Мне, кстати, подчинялся железнодорожный цех, а его начальником был Главацкий Игнат Станиславович, про него я знал, что он поляк. Мужик был надежный, как стена, — жизнь можно было без колебаний доверить. А главбухом завода была Прушинская Христина Макаровна и тоже надежнейший человек, но о ее национальности как-то не пришло в голову осведомиться. Может она тоже была полячка. А в середине 90-х я занялся Катынским делом и ближе познакомился с кое-какими поляками из Польши. Боже мой. Какие животные! Купили в прессе и генпрокуратуре России десятка три мерзавцев, сфабриковали Катынское дело так, как будто это русские в 1940 году расстреляли трусливых польских офицеров, — тех, которые в 1939 году удирали от немецкой армии в сторону СССР. То, что на самом деле этих польских трусов в 1941 году пристрелили немцы, поляки прекрасно знают, но поскольку эти животные не имеют ни совести, ни достоинства, то воют, стонут и канючат, чтобы Россия заплатила им за продырявленные немцами черепа трусливой шляхты. Я об этом уже много написал, и написал резко, но единственное, что меня сдерживало употребить те слова, что полагалось бы, так это Главацкий и Прушинская — то, что я твердо знал, что есть и среди поляков люди. И весь мой жизненный опыт общения с людьми утверждает и кричит: не имеет национальность значения — подонков животных и хороших людей в любом народе хватает!

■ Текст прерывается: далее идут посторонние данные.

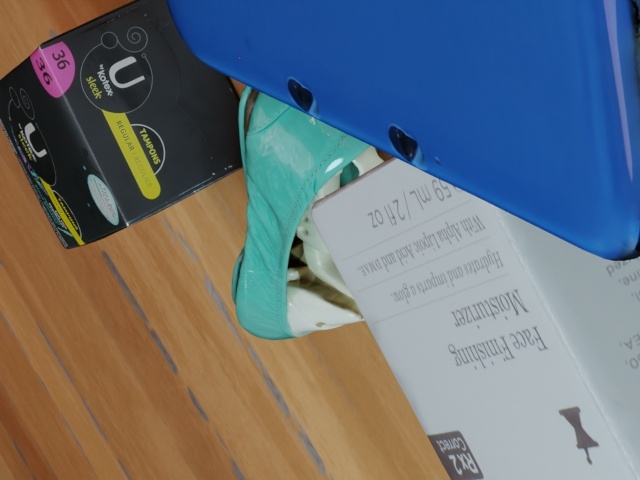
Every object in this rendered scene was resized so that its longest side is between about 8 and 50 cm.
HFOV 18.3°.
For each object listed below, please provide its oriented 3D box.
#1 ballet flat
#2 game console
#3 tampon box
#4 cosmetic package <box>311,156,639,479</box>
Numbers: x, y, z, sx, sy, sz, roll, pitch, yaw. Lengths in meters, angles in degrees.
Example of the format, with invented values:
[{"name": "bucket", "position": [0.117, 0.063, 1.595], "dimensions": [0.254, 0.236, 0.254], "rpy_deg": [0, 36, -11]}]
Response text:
[{"name": "ballet flat", "position": [0.000, 0.000, 1.075], "dimensions": [0.087, 0.083, 0.247], "rpy_deg": [38, 153, 21]}, {"name": "game console", "position": [0.048, -0.172, 0.603], "dimensions": [0.173, 0.250, 0.293], "rpy_deg": [45, 172, -34]}, {"name": "tampon box", "position": [-0.126, -0.073, 1.244], "dimensions": [0.120, 0.101, 0.161], "rpy_deg": [63, 159, -3]}, {"name": "cosmetic package", "position": [0.120, 0.023, 0.703], "dimensions": [0.184, 0.151, 0.151], "rpy_deg": [62, 160, 1]}]

Однако сегодня дело принимает страшный оборот — эти бессовестные животные захватывают власть в государстве и умах, и та их подлость падает на весь народ: раз народ их избрал и терпит, значит сам такой!

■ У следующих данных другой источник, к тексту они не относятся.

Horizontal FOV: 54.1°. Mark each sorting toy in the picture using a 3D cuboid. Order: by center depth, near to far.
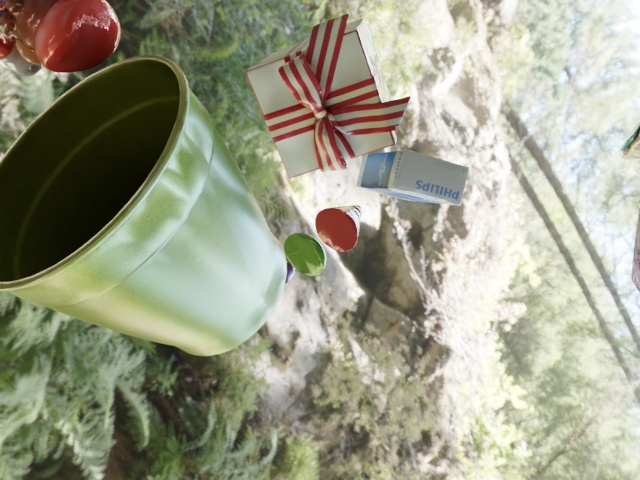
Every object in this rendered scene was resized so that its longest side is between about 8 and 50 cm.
[{"bbox_3d":[0.000,0.000,1.661,0.365,0.127,0.126,-39,-177,46],"label":"sorting toy"}]

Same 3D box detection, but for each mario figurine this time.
[{"bbox_3d":[-0.406,-0.328,0.783,0.198,0.320,0.170,-3,-114,61],"label":"mario figurine"}]

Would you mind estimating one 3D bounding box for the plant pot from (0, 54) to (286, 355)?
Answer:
[{"bbox_3d":[-0.233,-0.008,0.916,0.366,0.353,0.367,-18,-131,23],"label":"plant pot"}]

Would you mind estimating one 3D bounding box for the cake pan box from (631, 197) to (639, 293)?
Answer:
[{"bbox_3d":[0.389,-0.005,0.621,0.070,0.267,0.246,-3,-152,10],"label":"cake pan box"}]

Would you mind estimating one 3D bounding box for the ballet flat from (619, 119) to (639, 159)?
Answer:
[{"bbox_3d":[0.593,-0.192,1.065,0.108,0.106,0.316,-52,160,-1],"label":"ballet flat"}]

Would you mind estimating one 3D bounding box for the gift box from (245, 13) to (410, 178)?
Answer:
[{"bbox_3d":[0.026,-0.297,1.229,0.276,0.255,0.258,-21,-159,18],"label":"gift box"}]

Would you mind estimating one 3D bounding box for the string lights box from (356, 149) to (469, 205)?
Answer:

К хорошему ведь быстро привыкаешь, а я за годы жизни в СССР привык, что мне национальности стыдится не приходится — она у меня сама уважаемая. Правда, при выезде за границу наши внутренние национальности пропадали и для иностранцев все советские люди были русскими, а уж русских уважали за границей безмерно и не за деньги, а за то, что ты русский. Одни русских любили, другие боялись, но уважали все и о нынешнем презрении к нам речи не шло. В конце 80-х я был по делам в Южно-африканской республике, возможно в числе одних из первых советских людей, и надо было видеть радость и восторг негров, когда они узнавали, что ты русский, настороженность, но все же явно выражаемое уважение живущих там англичан и буров.

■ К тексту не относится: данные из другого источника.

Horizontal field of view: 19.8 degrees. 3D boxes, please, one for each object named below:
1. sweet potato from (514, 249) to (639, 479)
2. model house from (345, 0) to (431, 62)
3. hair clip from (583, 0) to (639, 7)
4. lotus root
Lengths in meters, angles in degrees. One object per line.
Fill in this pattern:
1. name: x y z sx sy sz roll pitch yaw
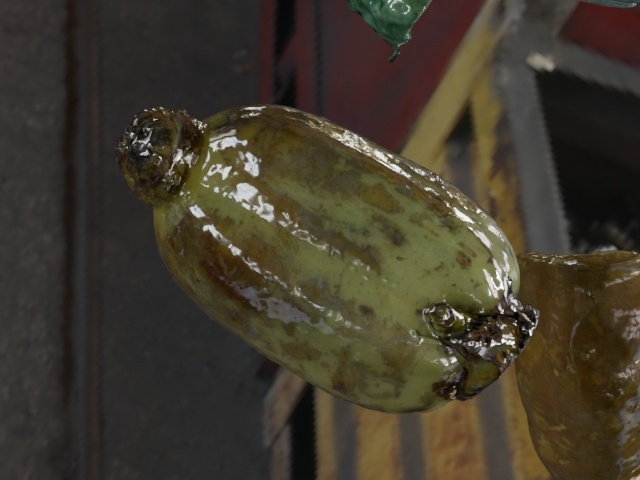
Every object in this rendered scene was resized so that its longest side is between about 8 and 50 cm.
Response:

А к середине 90-х я и ездить за границу перестал — до того тошно было переносить плохо скрываемое презрение, и ответить на него было нечем: мы сами свой высокий статус гражданина Империи сменили на статус туземца колониальных территорий США. Можно сунуть голову в песок и делать вид, что это не так — что мы суверенные державы, — и если ты кретин, то пусть тебя эта поза порадует, но в остальном мире дураков мало — кто мы такие, тамошний народ видит. Видит и презирает. Да и как не призирать, если любым делом, любым словом мы четко демонстрируем, что у нас во власти бессовестные животные, а мы их трусливо и тупо терпим.